Le fou : Rien de plus simple, docteur, il faut soumettre dare dare le système bancaire tout entier au test le plus stressant possible, afin de vérifier sa capacité de résistance à la boue. Les établissements de crédit usuraires qui auront résisté à cette épreuve recevront un certificat de vertu, donc de bonne santé; et la vaste population des naufragés de l’argent cher saura que ses châteaux-forts sont munis de pont-levis et de meurtrières dont la boue ne saurait franchir les créneaux.

Le psychiatre: Vous soutenez mordicus que la confiance est la matière fluide par excellence de la viabilité des Etats et qu’elle doit s’insinuer en virtuose dans la place ; mais quelles sont les vérifications vertueuses de sa liquidité qui vous permettront de conclure que vos mille canaux et vos mille robinets résisteront aux fuites d’une boue à laquelle vous demandez, dans le même temps, de se rendre liquoreuse? Voyez-vous, Monsieur, nous disposons d’un remède efficace contre la boue, la logique, dont la magistrature nous interdit depuis Aristote de soutenir une thèse et son contraire au même instant et sous le même rapport.
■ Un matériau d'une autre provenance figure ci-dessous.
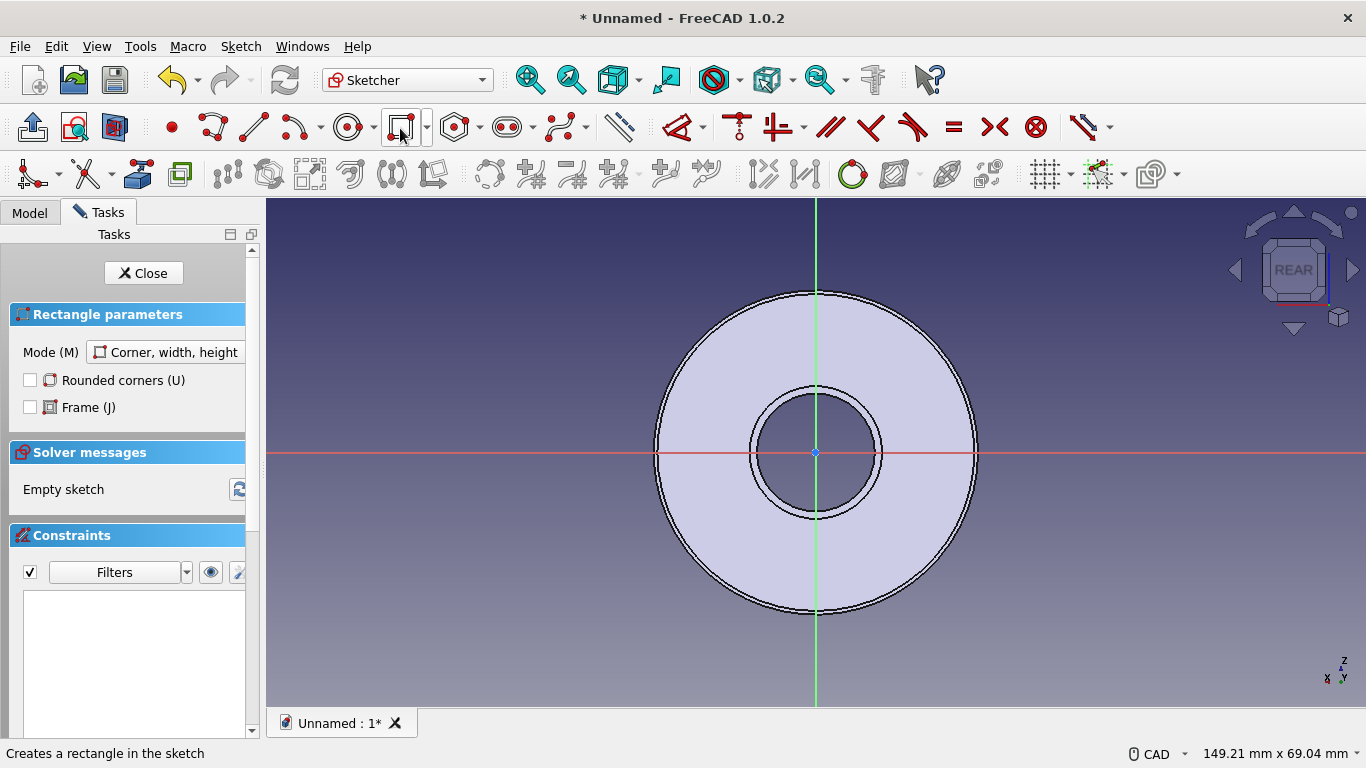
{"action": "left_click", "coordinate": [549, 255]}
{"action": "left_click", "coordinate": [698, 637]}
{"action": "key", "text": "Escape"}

Le fou : Docteur, je crois qu’il me faut vous apprendre les secrets et les chausses-trapes de votre logique ; et, pour cela, voici la première leçon de cohérence qu’ enseigne cette discipline. Sachez qu’elle se divise entre deux territoires, deux royaumes et sans doute deux empires de la science économique. Le premier embrasse le commerce et l’industrie des nations, lequel obéit à la loi dite de l’offre et de la demande, dont la sainteté subit des outrages répétés à sa pudeur ; car tantôt les banques jettent par les fenêtres l’argent qui leur est confié par leurs clients, qu’on appelle également des déposants, tantôt elles vendent leurs charmes à crédit et se prostituent à un prix exorbitant. De leur côté, les entreprises converties à la chasteté font fabriquer leurs produits de consommation dans des pays où la main d’œuvre est demeurée monacale, ce qui rend conventuel dans le monde entier le marché de la consommation des produits frais. Afin de porter remède à la lascivité généralisée qu’engendre la fraction de l’économie consacrée à la parturition des marchandises périssables, les banques prêtent aux fabricants des sommes tellement fantastiques qu’elles se voient contraintes de les tirer des mamelles des Etats, qui, de leur côté se les procurent à bas prix par l’impôt.

Le psychiatre : Et pourquoi une si saine nativité et de si bonnes mœurs entraînent-elles tant d’effets malheureux?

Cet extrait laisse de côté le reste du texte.